*Exercise details*:
Report back the lines in this listing that carry the string "HIDDEN".
[Exercise inputs]
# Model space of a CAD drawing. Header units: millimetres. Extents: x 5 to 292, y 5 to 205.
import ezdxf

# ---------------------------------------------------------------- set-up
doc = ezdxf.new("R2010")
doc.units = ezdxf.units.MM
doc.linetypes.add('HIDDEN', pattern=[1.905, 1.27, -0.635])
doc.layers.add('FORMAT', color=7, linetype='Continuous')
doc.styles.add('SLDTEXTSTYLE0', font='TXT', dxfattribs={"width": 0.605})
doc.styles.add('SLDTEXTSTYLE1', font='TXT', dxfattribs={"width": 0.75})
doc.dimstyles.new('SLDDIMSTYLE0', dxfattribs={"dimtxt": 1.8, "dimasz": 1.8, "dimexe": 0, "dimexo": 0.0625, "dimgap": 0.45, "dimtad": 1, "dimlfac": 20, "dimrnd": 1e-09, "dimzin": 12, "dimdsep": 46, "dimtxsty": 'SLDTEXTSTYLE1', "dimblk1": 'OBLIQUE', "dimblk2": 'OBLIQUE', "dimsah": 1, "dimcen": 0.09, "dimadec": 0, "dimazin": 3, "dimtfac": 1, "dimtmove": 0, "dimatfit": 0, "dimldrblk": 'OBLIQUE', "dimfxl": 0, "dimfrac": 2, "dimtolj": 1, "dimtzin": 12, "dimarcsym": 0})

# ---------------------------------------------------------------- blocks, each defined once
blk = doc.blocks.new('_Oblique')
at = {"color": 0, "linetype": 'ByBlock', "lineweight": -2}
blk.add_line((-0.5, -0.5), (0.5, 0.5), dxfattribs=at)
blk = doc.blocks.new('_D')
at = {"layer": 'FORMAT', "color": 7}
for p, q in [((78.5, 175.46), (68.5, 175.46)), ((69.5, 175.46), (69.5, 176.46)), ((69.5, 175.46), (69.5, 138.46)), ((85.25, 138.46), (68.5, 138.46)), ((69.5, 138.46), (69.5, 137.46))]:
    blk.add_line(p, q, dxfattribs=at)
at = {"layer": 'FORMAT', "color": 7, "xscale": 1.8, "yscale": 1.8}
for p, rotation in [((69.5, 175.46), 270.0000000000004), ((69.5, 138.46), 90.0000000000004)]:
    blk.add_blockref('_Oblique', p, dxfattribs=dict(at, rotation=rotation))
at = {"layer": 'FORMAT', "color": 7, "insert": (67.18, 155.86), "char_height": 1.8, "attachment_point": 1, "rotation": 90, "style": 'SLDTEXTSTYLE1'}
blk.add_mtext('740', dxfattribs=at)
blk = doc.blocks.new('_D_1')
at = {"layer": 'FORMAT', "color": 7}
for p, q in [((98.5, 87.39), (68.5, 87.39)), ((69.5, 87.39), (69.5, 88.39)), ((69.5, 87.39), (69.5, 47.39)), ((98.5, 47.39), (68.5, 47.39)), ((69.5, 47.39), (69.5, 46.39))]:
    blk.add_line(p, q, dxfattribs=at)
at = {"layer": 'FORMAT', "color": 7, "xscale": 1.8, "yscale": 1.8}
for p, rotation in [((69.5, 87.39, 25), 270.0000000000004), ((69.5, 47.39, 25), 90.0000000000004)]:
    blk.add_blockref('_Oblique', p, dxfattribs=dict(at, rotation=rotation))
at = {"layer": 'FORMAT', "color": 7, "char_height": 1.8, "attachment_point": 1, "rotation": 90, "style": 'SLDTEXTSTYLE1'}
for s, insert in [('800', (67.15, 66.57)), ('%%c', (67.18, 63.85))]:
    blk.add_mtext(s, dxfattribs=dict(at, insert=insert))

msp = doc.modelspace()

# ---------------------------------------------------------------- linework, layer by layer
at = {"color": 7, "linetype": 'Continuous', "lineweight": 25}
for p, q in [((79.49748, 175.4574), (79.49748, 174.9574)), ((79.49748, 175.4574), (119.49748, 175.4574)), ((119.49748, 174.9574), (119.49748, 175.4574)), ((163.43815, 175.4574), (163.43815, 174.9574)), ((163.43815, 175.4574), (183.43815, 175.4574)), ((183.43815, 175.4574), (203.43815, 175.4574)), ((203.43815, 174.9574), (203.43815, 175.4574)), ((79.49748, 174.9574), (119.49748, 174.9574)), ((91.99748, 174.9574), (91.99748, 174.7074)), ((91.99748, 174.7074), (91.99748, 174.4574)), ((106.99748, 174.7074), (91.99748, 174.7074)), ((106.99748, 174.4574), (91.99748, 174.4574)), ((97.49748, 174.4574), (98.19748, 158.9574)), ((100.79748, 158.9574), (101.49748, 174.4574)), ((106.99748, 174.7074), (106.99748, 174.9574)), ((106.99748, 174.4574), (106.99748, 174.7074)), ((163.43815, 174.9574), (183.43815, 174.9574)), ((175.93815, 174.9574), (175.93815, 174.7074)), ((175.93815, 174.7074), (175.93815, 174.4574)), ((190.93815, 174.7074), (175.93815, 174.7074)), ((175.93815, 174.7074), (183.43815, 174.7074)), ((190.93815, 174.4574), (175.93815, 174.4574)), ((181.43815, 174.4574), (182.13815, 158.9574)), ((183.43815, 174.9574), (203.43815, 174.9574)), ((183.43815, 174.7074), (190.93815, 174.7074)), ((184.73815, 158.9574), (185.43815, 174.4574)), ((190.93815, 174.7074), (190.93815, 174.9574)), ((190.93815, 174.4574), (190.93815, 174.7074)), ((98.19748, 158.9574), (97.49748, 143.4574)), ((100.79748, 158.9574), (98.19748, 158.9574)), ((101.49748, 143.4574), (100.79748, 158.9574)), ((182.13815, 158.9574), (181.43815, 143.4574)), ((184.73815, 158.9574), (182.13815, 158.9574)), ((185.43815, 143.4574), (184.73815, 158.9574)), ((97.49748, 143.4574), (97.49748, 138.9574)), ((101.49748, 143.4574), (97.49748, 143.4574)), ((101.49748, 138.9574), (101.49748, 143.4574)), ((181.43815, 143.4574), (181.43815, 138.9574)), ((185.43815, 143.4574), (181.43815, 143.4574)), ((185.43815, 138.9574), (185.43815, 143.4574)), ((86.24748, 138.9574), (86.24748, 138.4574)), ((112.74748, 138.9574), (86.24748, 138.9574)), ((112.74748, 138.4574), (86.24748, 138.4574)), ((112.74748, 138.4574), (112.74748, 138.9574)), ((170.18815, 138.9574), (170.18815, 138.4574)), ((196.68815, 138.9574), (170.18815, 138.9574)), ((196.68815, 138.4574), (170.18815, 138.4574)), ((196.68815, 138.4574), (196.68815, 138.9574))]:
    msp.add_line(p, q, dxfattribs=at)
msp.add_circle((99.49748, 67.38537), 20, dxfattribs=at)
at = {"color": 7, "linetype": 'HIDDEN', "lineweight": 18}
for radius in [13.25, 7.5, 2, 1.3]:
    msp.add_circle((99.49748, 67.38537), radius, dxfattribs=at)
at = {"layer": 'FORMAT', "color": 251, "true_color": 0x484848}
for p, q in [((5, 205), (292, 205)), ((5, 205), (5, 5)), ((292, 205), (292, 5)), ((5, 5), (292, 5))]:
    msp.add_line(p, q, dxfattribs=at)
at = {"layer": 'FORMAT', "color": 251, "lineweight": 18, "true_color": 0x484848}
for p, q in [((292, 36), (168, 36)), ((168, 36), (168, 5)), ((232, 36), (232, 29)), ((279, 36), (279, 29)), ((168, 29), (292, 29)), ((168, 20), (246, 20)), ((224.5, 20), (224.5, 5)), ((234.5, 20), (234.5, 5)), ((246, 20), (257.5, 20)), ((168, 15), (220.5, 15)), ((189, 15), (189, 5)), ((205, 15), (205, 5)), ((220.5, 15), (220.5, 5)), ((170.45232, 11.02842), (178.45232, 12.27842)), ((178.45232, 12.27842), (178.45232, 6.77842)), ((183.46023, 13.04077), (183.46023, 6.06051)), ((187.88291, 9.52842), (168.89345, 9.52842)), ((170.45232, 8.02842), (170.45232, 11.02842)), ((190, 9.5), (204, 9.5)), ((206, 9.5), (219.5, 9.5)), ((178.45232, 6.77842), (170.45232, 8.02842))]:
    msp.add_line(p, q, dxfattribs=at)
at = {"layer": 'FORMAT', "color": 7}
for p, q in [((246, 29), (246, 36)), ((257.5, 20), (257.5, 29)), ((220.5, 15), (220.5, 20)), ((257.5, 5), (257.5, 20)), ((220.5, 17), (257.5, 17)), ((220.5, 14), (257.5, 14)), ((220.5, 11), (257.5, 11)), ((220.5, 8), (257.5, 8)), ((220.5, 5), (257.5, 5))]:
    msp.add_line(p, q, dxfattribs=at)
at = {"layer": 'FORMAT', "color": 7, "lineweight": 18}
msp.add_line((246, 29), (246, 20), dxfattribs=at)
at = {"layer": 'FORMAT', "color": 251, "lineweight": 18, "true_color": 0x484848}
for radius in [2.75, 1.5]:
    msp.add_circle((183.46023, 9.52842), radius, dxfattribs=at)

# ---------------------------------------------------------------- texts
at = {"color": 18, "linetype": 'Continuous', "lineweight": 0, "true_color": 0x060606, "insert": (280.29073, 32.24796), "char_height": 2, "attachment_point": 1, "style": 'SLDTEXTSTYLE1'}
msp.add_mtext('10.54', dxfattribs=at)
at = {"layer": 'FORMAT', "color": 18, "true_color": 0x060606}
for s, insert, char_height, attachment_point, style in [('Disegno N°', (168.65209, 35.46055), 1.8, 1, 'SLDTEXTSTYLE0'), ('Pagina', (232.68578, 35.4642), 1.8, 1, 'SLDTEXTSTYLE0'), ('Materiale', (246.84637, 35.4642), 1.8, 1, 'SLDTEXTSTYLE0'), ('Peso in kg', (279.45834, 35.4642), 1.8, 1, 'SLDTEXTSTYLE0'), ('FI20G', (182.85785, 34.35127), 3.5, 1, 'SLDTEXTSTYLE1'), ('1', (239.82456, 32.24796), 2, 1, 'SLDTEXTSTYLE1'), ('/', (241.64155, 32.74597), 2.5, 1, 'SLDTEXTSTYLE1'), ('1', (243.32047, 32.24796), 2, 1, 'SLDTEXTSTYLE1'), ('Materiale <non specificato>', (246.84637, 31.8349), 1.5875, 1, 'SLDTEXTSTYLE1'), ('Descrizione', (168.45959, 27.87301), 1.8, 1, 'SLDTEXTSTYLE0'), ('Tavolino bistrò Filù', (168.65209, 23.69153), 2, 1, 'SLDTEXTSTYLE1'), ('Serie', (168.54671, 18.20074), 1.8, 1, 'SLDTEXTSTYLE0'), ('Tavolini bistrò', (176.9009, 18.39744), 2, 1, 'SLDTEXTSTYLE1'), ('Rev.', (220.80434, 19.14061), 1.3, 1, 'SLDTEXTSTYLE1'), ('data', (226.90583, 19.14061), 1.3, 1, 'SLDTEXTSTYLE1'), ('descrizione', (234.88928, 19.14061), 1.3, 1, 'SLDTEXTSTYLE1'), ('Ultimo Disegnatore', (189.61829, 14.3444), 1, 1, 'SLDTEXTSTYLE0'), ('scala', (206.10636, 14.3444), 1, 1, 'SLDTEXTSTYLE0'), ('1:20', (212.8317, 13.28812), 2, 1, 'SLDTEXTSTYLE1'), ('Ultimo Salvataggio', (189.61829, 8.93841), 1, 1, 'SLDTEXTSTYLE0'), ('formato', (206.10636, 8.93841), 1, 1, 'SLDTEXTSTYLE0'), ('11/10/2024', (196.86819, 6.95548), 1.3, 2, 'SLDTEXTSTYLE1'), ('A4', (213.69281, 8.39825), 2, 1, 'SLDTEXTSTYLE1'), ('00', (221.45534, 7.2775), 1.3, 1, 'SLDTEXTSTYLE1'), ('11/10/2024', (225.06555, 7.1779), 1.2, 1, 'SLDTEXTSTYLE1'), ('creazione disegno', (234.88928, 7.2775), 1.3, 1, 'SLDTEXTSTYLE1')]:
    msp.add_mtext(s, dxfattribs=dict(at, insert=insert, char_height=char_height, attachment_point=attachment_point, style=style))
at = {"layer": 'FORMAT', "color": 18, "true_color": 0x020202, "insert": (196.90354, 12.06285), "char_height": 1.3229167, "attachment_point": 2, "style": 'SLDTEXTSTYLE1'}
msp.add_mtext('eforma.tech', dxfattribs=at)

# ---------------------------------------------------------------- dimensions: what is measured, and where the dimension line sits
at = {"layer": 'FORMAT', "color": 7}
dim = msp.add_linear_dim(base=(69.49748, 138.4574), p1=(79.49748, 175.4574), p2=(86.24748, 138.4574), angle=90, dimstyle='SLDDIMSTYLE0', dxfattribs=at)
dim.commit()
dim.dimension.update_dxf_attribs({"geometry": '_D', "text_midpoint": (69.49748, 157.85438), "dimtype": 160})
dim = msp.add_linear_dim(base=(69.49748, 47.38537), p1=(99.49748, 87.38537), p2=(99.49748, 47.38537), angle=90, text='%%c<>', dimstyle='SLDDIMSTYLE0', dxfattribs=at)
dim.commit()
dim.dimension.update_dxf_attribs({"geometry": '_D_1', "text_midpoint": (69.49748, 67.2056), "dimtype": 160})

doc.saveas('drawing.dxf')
[/Exercise inputs]
*Your solution*:
doc.linetypes.add('HIDDEN', pattern=[1.905, 1.27, -0.635])
at = {"color": 7, "linetype": 'HIDDEN', "lineweight": 18}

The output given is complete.